Guy spoke about the frequent beatings too. Ces told him not to have children with Sharon because they would turn out spastic.
Tracey spoke about the frequent beatings she received since the age of eight and not only with a hosepipe, until she left home aged 20. She recalled Ces’s anger when she came second in a running race, and how he forced her back over the track in the early hours of the morning and drove a car behind her as she ran, and afterwards beat her with a hose. He would not permit her to wear a bra, even when playing sport. He called her a trollop and said she would never amount to anything. He told her that she would become ‘the local bike’ of Kulnura after she was upset about not being allowed to go out with the boy next door. She mentioned how Ces took her to a Kings Cross flat in Sydney (the red light district) on more than one occasion when she was about 12 to have nude photographs taken with a naked woman. She had gone along with this because she feared being beaten. The jury was very moved by her account, some were seen to wipe tears from their eyes. Tracey herself cried during her evidence when she spoke of how gentle Dean was and the control Ces exerted over him.

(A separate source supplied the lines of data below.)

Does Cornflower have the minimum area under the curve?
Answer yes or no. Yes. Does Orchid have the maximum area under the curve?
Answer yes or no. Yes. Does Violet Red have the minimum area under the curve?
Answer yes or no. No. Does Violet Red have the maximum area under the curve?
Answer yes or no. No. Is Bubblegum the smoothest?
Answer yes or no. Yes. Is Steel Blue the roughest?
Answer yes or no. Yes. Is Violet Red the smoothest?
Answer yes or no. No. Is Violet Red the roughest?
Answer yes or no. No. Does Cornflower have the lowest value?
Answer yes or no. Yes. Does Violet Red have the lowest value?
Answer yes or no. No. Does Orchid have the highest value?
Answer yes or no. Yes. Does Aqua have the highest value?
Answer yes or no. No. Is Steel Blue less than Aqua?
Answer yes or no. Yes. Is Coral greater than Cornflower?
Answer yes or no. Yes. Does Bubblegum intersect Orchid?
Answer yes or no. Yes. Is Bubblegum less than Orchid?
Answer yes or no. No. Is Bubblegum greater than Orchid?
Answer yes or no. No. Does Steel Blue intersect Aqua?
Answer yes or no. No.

I felt sick. This evil man they were talking about had been my friend. He had claimed to have been a loving and caring father. This was a man with whom I’d laughed, hugged, shared confidences, been proud of and boasted about. This was a man about whom I’d written a book, worked on a doco, and admired so much. Talk about Dr Jekyll and Mr Hyde.
John and I were the last two witnesses in the case. I took a day off work, we drove up to Newcastle early in the morning so we could first have a meeting with Manny Conditsis in the briefing room before our court appearance. Manny asked John to keep his answers brief. But John suggested there might be an opportunity to illustrate what Ces was like when he pushed people around. Manny asked John to illustrate, so John did, lowering his voice with an accusing tone, gesturing with wild pointing of one finger and demeaning his imagined adversary. John was remembering the way Ces behaved in a heated argument with Dean at our place in Chatswood during the filming of the documentary. The attorney raised his eyebrows in surprise. He agreed to the demo from the witness stand, if the opportunity presented itself.